Las chicharras ya anunciaban su letanía cuando el hombre saltó la cuneta trastabillando. El niño tensó los músculos al verlo y evitó mirarlo mientras se acercaba lentamente. Los bodoques, que con tanto esmero había estado amasando toda la tarde, perdieron su importancia. El perro amagó un resignado saludo con la cola, pero lo fue apagando a medida que toda su sabiduría le indicaba que no era una buena tarde.

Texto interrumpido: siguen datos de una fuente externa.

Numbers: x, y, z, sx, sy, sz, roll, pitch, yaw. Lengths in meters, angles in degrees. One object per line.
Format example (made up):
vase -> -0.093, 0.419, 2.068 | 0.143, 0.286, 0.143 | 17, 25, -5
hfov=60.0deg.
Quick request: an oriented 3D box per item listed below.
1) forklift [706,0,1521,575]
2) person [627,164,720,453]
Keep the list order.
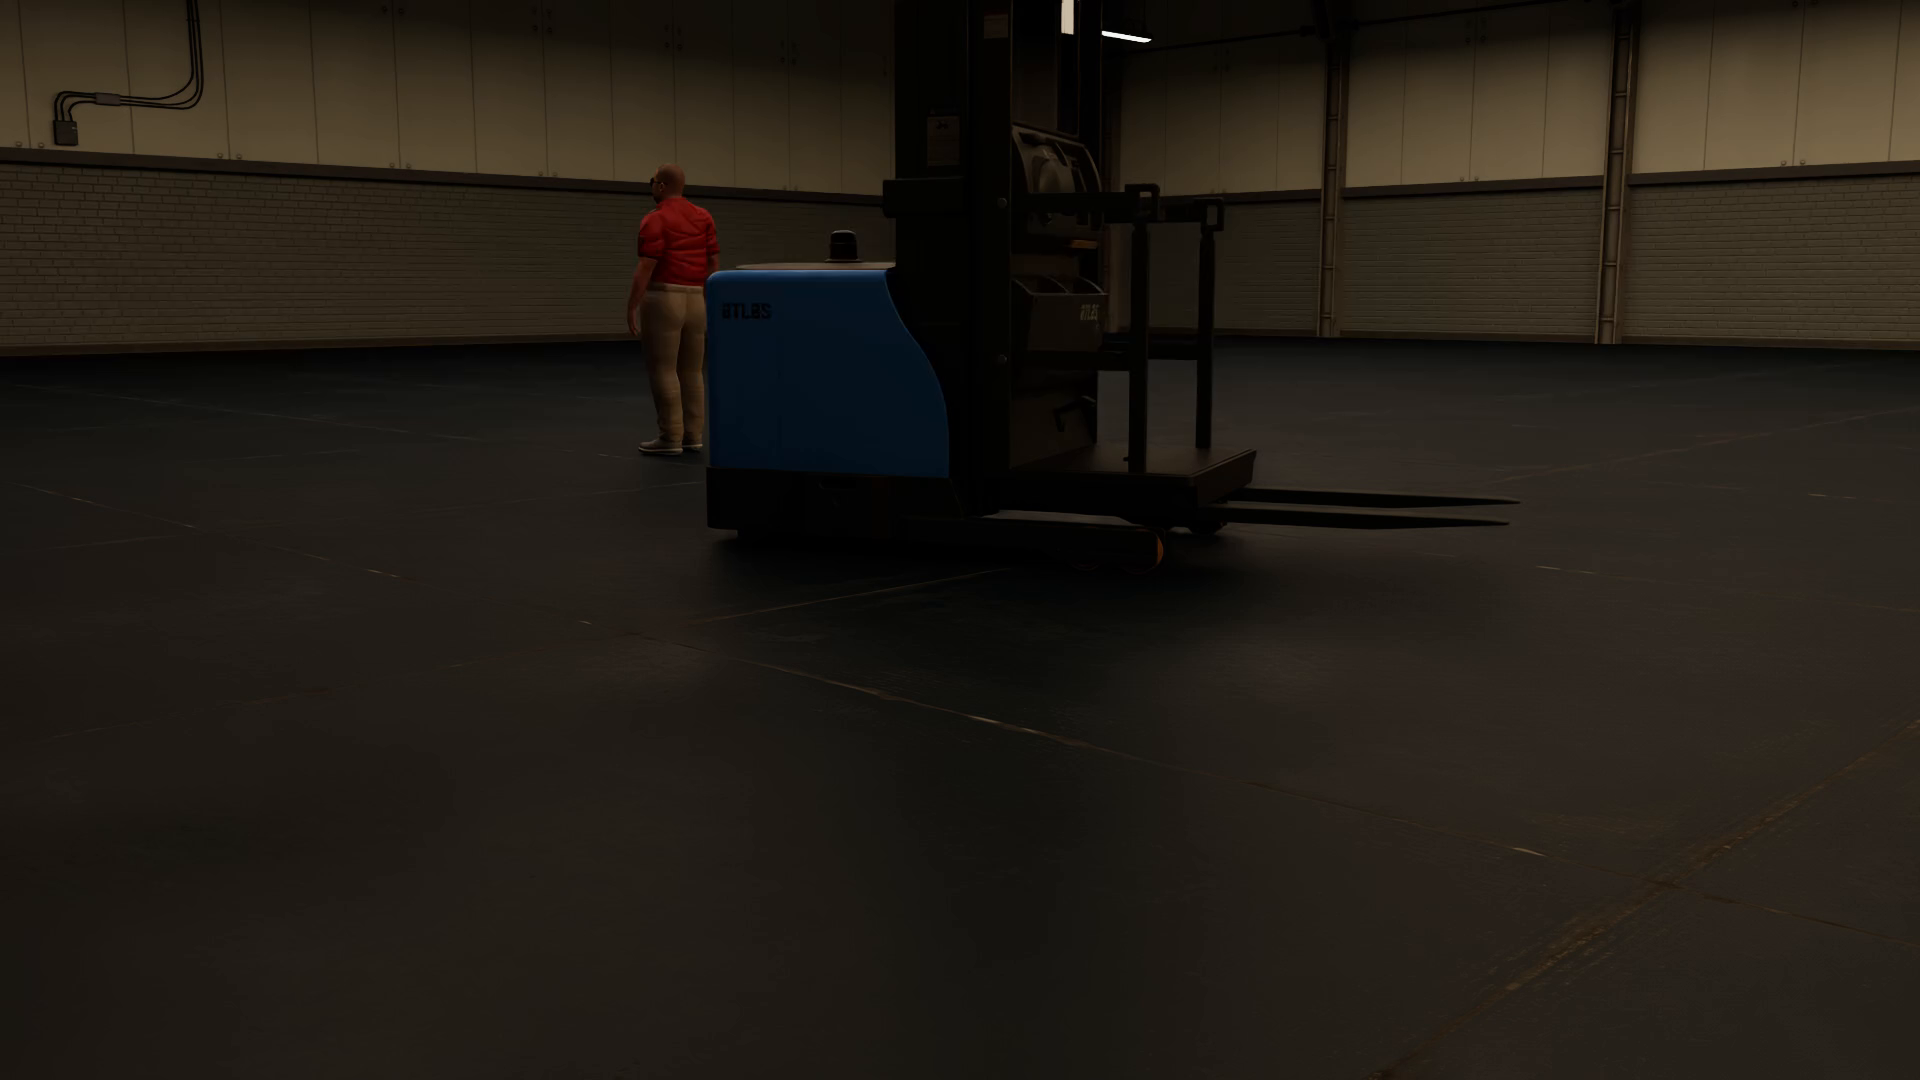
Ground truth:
forklift -> 0.565, -1.416, 6.275 | 3.031, 2.935, 1.130 | 3, 9, 22
person -> -1.797, -1.390, 10.091 | 0.551, 1.727, 0.641 | 7, 11, 40

El hombre era corpulento, ligeramente gordo, de pelo y ojos negros, que casi sin brillo lo guiaban a lo largo del terreno que ocupaba hacía años. Al final estaba la casita de material que tanto trabajo le había costado levantar con la Mabel, cuando vivía. Aparentaba unos cincuenta años pero tal vez el duro sol del norte argentino y la vida del obraje lo habían avejentado.
Un alambrado desprolijo lo separaba del vecino, que lo miró con recelo cuando pasó por su frente. Vestía humildemente pero sin harapos, el pantalón vaquero gastado denotaba mejores épocas y los parches de cuerina en las rodillas lo confirmaban. La camisa manchada de vino fortaleció las sospechas del mitaí, que siguió en cuclillas sin aparentar prestarle atención entretenido con sus juguetes de barro. Los mocasines que calzaba el hombre, sin medias, estaban cubiertos de la polvareda habitual en el caserío cuando pasaban días y días sin llover. Su cabello, duro de sudor y tierra, chorreaba gotas grasientas hacia el rostro perdido por el alcohol. El cinto de cuero gastado cuya punta sobresalía por debajo del extremo de la camisa, anunciaba la tragedia.
A pesar de todo, el niño no pudo vencer la tentación de echarle una mirada con sus ojos verdes, que brillaban de miedo bajo la negra cabellera. Fue la hebilla, reluciente —se diría que lustrada—, que sostenía a duras penas el pantalón, la que lo perdió. El hombre detuvo su marcha y el mundo junto con él. Solo las chicharras se mantuvieron indiferentes, entretenidas en su plegaria.
El niño, aterrado, volvió la mirada en el momento exacto en que la mujer salía de la casa. No era su madre, pero le había tomado cariño y las mañanas de cocido y chipá cuerito habían afianzado ese sentimiento. Apenas aliviado, bajó la cabeza y contuvo un esperado temblor. La mujer, de mirada vencida, no atinó a nada cuando vio salir el cinto del pantalón. Sabía lo que venía, todavía le dolían las costillas de la golpiza que recibió la vez que intentó defender al niño. Todo su instinto quiso reaccionar, pero el miedo pudo más, dio media vuelta y se metió en el rancho.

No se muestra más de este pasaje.